8.2.3. Was disclosed with the consent of the User.

8.3. The User shall be fully responsible for compliance with the requirements of the legislation of the Russian Federation, including laws on advertising, on the protection of copyright and other rights, protection of trademarks and service marks, but not limited to the above, including full responsibility for the content and form of materials posted on the Site or provided to the Operator.

8.4. The User acknowledges that responsibility for any information (including, but not limited to: data files, texts, etc.), to which he may have access as part of the Operator’s site, is borne by the person who provided such information.

8.5. The User agrees that the information provided to him as part of the Operator’s site may be an object of intellectual property, the rights to which are protected and belong to other Users, partners or advertisers who post such information on the Operator’s site.

8.6. With regard to text materials (articles, publications, freely available to the public on the Operator’s site), their distribution is permitted, provided that a link to the Operator’s Site is given.

8.7. The Site Administration shall not be liable to the User for any loss or damage incurred by the User as a result of the deletion, failure or inability to save communication data contained on the Operator’s site or transmitted through it.

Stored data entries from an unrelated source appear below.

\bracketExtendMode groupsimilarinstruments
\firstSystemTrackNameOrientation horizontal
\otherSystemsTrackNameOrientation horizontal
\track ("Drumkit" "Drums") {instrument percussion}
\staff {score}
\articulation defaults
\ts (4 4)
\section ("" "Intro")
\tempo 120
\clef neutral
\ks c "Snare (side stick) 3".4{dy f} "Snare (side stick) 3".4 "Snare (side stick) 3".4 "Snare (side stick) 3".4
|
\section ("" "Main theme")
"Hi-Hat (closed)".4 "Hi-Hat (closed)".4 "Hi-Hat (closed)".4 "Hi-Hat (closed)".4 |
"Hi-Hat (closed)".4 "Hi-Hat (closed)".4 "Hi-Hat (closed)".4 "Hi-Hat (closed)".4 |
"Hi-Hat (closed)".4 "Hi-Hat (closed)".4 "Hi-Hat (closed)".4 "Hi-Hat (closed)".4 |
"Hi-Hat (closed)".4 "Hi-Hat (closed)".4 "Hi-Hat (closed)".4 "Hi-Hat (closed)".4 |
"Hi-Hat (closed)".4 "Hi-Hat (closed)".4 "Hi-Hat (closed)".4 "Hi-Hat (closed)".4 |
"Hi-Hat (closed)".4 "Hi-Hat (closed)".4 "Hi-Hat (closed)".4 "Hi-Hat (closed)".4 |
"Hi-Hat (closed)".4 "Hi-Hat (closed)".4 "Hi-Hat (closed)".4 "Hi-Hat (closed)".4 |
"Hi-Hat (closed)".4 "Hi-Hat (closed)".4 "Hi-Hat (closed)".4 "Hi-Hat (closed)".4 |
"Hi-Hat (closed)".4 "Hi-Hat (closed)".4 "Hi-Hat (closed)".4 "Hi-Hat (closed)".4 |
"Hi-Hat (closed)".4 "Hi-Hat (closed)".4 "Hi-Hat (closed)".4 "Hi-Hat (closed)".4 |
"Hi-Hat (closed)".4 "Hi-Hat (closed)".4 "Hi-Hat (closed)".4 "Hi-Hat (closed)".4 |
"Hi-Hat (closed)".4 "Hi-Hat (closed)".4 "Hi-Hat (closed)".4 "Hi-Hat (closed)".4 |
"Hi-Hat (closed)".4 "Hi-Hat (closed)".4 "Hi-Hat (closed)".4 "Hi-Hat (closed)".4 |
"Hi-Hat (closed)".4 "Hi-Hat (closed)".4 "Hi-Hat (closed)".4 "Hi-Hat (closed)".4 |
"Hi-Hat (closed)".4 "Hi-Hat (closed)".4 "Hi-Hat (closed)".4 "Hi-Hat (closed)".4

8.8. The Site Administration shall not be liable for any direct or indirect damages resulting from: the use or inability to use the Site or individual services; unauthorized access to the User’s communications; statements or behavior of any third party on the site.

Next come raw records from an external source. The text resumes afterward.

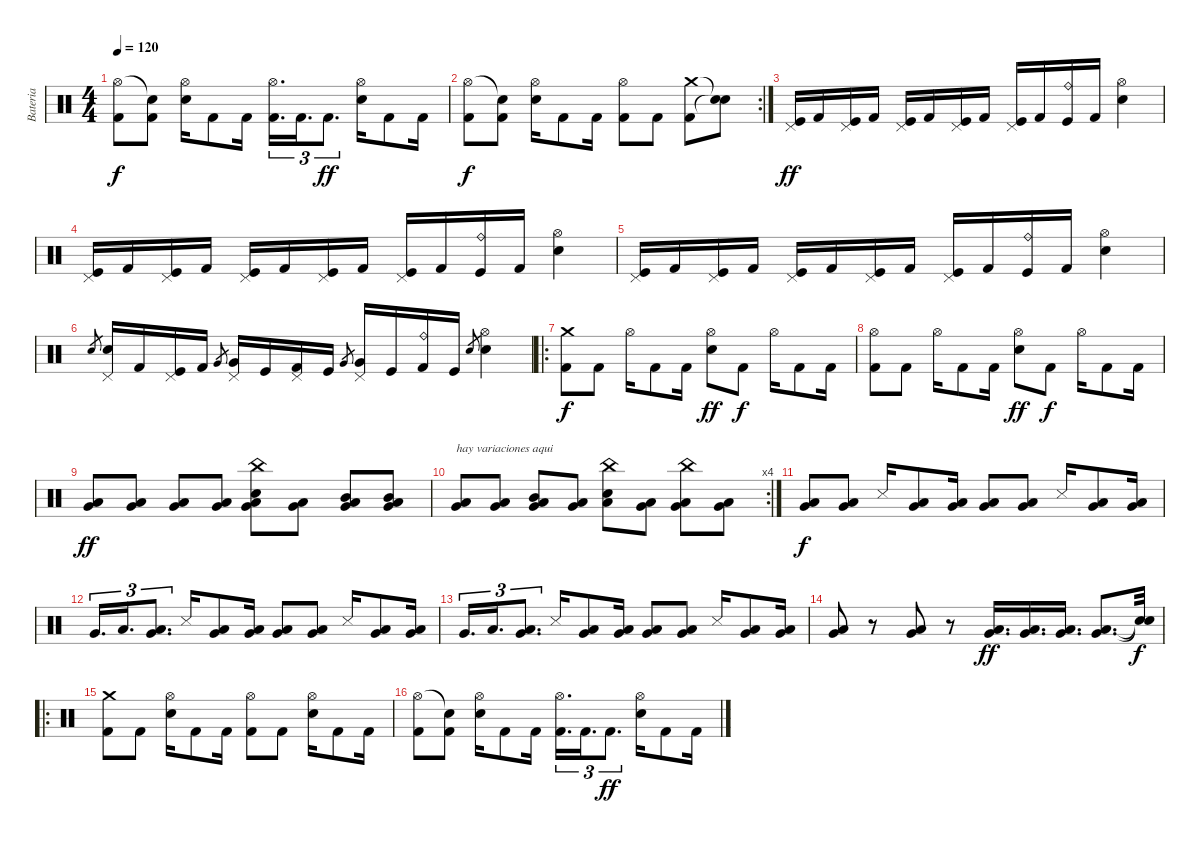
\track ("Bateria" "Bateria") {instrument percussion}
\staff {score}
\articulation defaults
\ts (4 4)
\tempo 120
\clef neutral
\ks c
("Hi-Hat (open)" "Kick (hit) 2").8{dy f} ("Snare (hit)"{t} "Kick (hit) 2").8 ("Hi-Hat (open)" "Electric Snare (hit)").16 "Kick (hit) 2".8 "Kick (hit) 2".16 ("Hi-Hat (open)" "Kick (hit) 2").16{d tu (3 2)} "Kick (hit) 2".16{d tu (3 2)} "Kick (hit) 2".8{d tu (3 2) dy ff} ("Hi-Hat (open)" "Electric Snare (hit)").16 "Kick (hit) 2".8 "Kick (hit) 2".16 |
\rc 2
("Hi-Hat (open)" "Kick (hit) 2").8{dy f} ("Snare (hit)"{t} "Kick (hit) 2").8 ("Hi-Hat (open)" "Electric Snare (hit)").16 "Kick (hit) 2".8 "Kick (hit) 2".16 ("Hi-Hat (open)" "Kick (hit) 2").8 "Kick (hit) 2".8 ("Crash medium (hit)" "Kick (hit) 2").8 ("Snare (hit)"{t} "Snare (hit)"{t}).8 |
("Pedal Hi-Hat (hit)" "Kick (hit)").16{dy ff} "Kick (hit) 2".16 ("Pedal Hi-Hat (hit)" "Kick (hit)").16 "Kick (hit) 2".16 ("Pedal Hi-Hat (hit)" "Kick (hit)").16 "Kick (hit) 2".16 ("Pedal Hi-Hat (hit)" "Kick (hit)").16 "Kick (hit) 2".16 ("Pedal Hi-Hat (hit)" "Kick (hit)").16 "Kick (hit) 2".16 ("Ride (bell)" "Kick (hit)").16 "Kick (hit) 2".16 ("Hi-Hat (open)" "Electric Snare (hit)").4 |
("Pedal Hi-Hat (hit)" "Kick (hit)").16 "Kick (hit) 2".16 ("Pedal Hi-Hat (hit)" "Kick (hit)").16 "Kick (hit) 2".16 ("Pedal Hi-Hat (hit)" "Kick (hit)").16 "Kick (hit) 2".16 ("Pedal Hi-Hat (hit)" "Kick (hit)").16 "Kick (hit) 2".16 ("Pedal Hi-Hat (hit)" "Kick (hit)").16 "Kick (hit) 2".16 ("Ride (bell)" "Kick (hit)").16 "Kick (hit) 2".16 ("Hi-Hat (open)" "Electric Snare (hit)").4 |
("Pedal Hi-Hat (hit)" "Kick (hit)").16 "Kick (hit) 2".16 ("Pedal Hi-Hat (hit)" "Kick (hit)").16 "Kick (hit) 2".16 ("Pedal Hi-Hat (hit)" "Kick (hit)").16 "Kick (hit) 2".16 ("Pedal Hi-Hat (hit)" "Kick (hit)").16 "Kick (hit) 2".16 ("Pedal Hi-Hat (hit)" "Kick (hit)").16 "Kick (hit) 2".16 ("Ride (bell)" "Kick (hit)").16 "Kick (hit) 2".16 ("Hi-Hat (open)" "Electric Snare (hit)").4 |
"Electric Snare (hit)".8{gr} ("Pedal Hi-Hat (hit)" "Electric Snare (hit)").16 "Kick (hit) 2".16 ("Pedal Hi-Hat (hit)" "Kick (hit)").16 "Kick (hit) 2".16 "Very Low Tom (hit)".8{gr} ("Pedal Hi-Hat (hit)" "Very Low Tom (hit)").16 "Kick (hit)".16 ("Pedal Hi-Hat (hit)" "Kick (hit) 2").16 "Kick (hit)".16 "Very Low Tom (hit)".8{gr} ("Pedal Hi-Hat (hit)" "Very Low Tom (hit)").16 "Kick (hit)".16 ("Ride (bell)" "Kick (hit) 2").16 "Kick (hit)".16 "Electric Snare (hit)".8{gr} ("Hi-Hat (open)" "Electric Snare (hit)").4 |
\ro
("Crash medium (hit)" "Kick (hit) 2").8{dy f} "Kick (hit) 2".8 "Hi-Hat (open)".16 "Kick (hit) 2".8 "Kick (hit) 2".16 ("Hi-Hat (open)" "Electric Snare (hit)").8{dy ff} "Kick (hit) 2".8{dy f} "Hi-Hat (open)".16 "Kick (hit) 2".8 "Kick (hit) 2".16 |
("Hi-Hat (open)" "Kick (hit) 2").8 "Kick (hit) 2".8 "Hi-Hat (open)".16 "Kick (hit) 2".8 "Kick (hit) 2".16 ("Hi-Hat (open)" "Electric Snare (hit)").8{dy ff} "Kick (hit) 2".8{dy f} "Hi-Hat (open)".16 "Kick (hit) 2".8 "Kick (hit) 2".16 |
("Very Low Tom (hit)" "Low Tom (hit)").8{dy ff} ("Very Low Tom (hit)" "Low Tom (hit)").8 ("Very Low Tom (hit)" "Low Tom (hit)").8 ("Very Low Tom (hit)" "Low Tom (hit)").8 ("China (hit)" "Electric Snare (hit)" "Very Low Tom (hit)" "Low Tom (hit)").8 ("Very Low Tom (hit)" "Low Tom (hit)").8 ("Mid Tom (hit)" "Very Low Tom (hit)" "Low Tom (hit)").8 ("Mid Tom (hit)" "Very Low Tom (hit)" "Low Tom (hit)").8 |
\rc 4
("Very Low Tom (hit)" "Low Tom (hit)").8{txt "hay variaciones aqui"} ("Very Low Tom (hit)" "Low Tom (hit)").8 ("Mid Tom (hit)" "Very Low Tom (hit)" "Low Tom (hit)").8 ("Very Low Tom (hit)" "Low Tom (hit)").8 ("China (hit)" "Electric Snare (hit)" "Low Tom (hit)").8 ("Very Low Tom (hit)" "Low Tom (hit)").8 ("China (hit)" "Very Low Tom (hit)" "Low Tom (hit)").8 ("Very Low Tom (hit)" "Low Tom (hit)").8 |
("Very Low Tom (hit)" "Low Floor Tom (hit)").8{dy f} ("Very Low Tom (hit)" "Low Floor Tom (hit)").8 "Snare (side stick) 3".16 ("Very Low Tom (hit)" "Low Floor Tom (hit)").8 ("Very Low Tom (hit)" "Low Floor Tom (hit)").16 ("Very Low Tom (hit)" "Low Floor Tom (hit)").8 ("Very Low Tom (hit)" "Low Floor Tom (hit)").8 "Snare (side stick) 3".16 ("Very Low Tom (hit)" "Low Floor Tom (hit)").8 ("Very Low Tom (hit)" "Low Floor Tom (hit)").16 |
"Very Low Tom (hit)".16{d tu (3 2)} "Low Tom (hit)".16{d tu (3 2)} ("Low Tom (hit)" "Very Low Tom (hit)").8{d tu (3 2)} "Snare (side stick) 3".16 ("Very Low Tom (hit)" "Low Tom (hit)").8 ("Very Low Tom (hit)" "Low Tom (hit)").16 ("Very Low Tom (hit)" "Low Floor Tom (hit)").8 ("Very Low Tom (hit)" "Low Floor Tom (hit)").8 "Snare (side stick) 3".16 ("Very Low Tom (hit)" "Low Floor Tom (hit)").8 ("Very Low Tom (hit)" "Low Floor Tom (hit)").16 |
"Very Low Tom (hit)".16{d tu (3 2)} "Low Tom (hit)".16{d tu (3 2)} ("Low Tom (hit)" "Very Low Tom (hit)").8{d tu (3 2)} "Snare (side stick) 3".16 ("Very Low Tom (hit)" "Low Tom (hit)").8 ("Very Low Tom (hit)" "Low Tom (hit)").16 ("Very Low Tom (hit)" "Low Floor Tom (hit)").8 ("Very Low Tom (hit)" "Low Floor Tom (hit)").8 "Snare (side stick) 3".16 ("Very Low Tom (hit)" "Low Floor Tom (hit)").8 ("Very Low Tom (hit)" "Low Floor Tom (hit)").16 |
("Very Low Tom (hit)" "Low Floor Tom (hit)").8 r.8 ("Very Low Tom (hit)" "Low Floor Tom (hit)").8 r.8 ("Very Low Tom (hit)" "Low Tom (hit)").16{d dy ff} ("Very Low Tom (hit)" "Low Tom (hit)").16{d} ("Very Low Tom (hit)" "Low Floor Tom (hit)").16{d} ("Very Low Tom (hit)" "Low Floor Tom (hit)").8{d} ("Snare (hit)"{t} "Snare (hit)"{t}).32{dy f} |
\ro
("Crash medium (hit)" "Kick (hit) 2").8 "Kick (hit) 2".8 ("Hi-Hat (open)" "Electric Snare (hit)").16 "Kick (hit) 2".8 "Kick (hit) 2".16 ("Hi-Hat (open)" "Kick (hit) 2").8 "Kick (hit) 2".8 ("Hi-Hat (open)" "Electric Snare (hit)").16 "Kick (hit) 2".8 "Kick (hit) 2".16 |
("Hi-Hat (open)" "Kick (hit) 2").8 ("Snare (hit)"{t} "Kick (hit) 2").8 ("Hi-Hat (open)" "Electric Snare (hit)").16 "Kick (hit) 2".8 "Kick (hit) 2".16 ("Hi-Hat (open)" "Kick (hit) 2").16{d tu (3 2)} "Kick (hit) 2".16{d tu (3 2)} "Kick (hit) 2".8{d tu (3 2) dy ff} ("Hi-Hat (open)" "Electric Snare (hit)").16 "Kick (hit) 2".8 "Kick (hit) 2".16

8.9. The Site Administration shall not be liable for any information posted by the User on the Operator’s site, including, but not limited to: information protected by copyright, without the express consent of the copyright owner.

8. Dispute Resolution

8.1. Before filing a claim in court regarding disputes arising from the relationship between the User and the Site Administration, it is mandatory to file a claim (a written proposal or an electronic proposal for a voluntary settlement of the dispute).

8.2. The recipient of the claim shall, within 30 calendar days from the date of its receipt, notify the claimant in writing or electronically of the results of the claim review.

8.3. If no agreement/consent is reached, the dispute may be referred to the court.

8.4. The current legislation of the Russian Federation shall apply to this Policy and the relations between the User and the Site Administration.

9. Additional terms

9.1. The Operator shall take the necessary and sufficient organizational and technical measures to protect the personal information of the personal data subject from unauthorized/accidental access, destruction, modification, blocking, copying, distribution, as well as from other illegal actions by third parties, including.

9.2. The Operator has the right to make changes to this Policy without the consent of the User.

9.3. The new Policy shall enter into force from the moment it is posted on the Operator’s website, unless otherwise provided by the new version of the Policy.

9.4. Any suggestions or questions regarding this Policy should be sent to: order@fitolooks.com

9.5. The current Policy is publicly available and is posted on the page at fitolooks.com/politika-konfidencialnosti.

9.6. This Policy and the relationship between the personal data subject and the Operator arising in connection with the application of the Policy are subject to the law of the Russian Federation.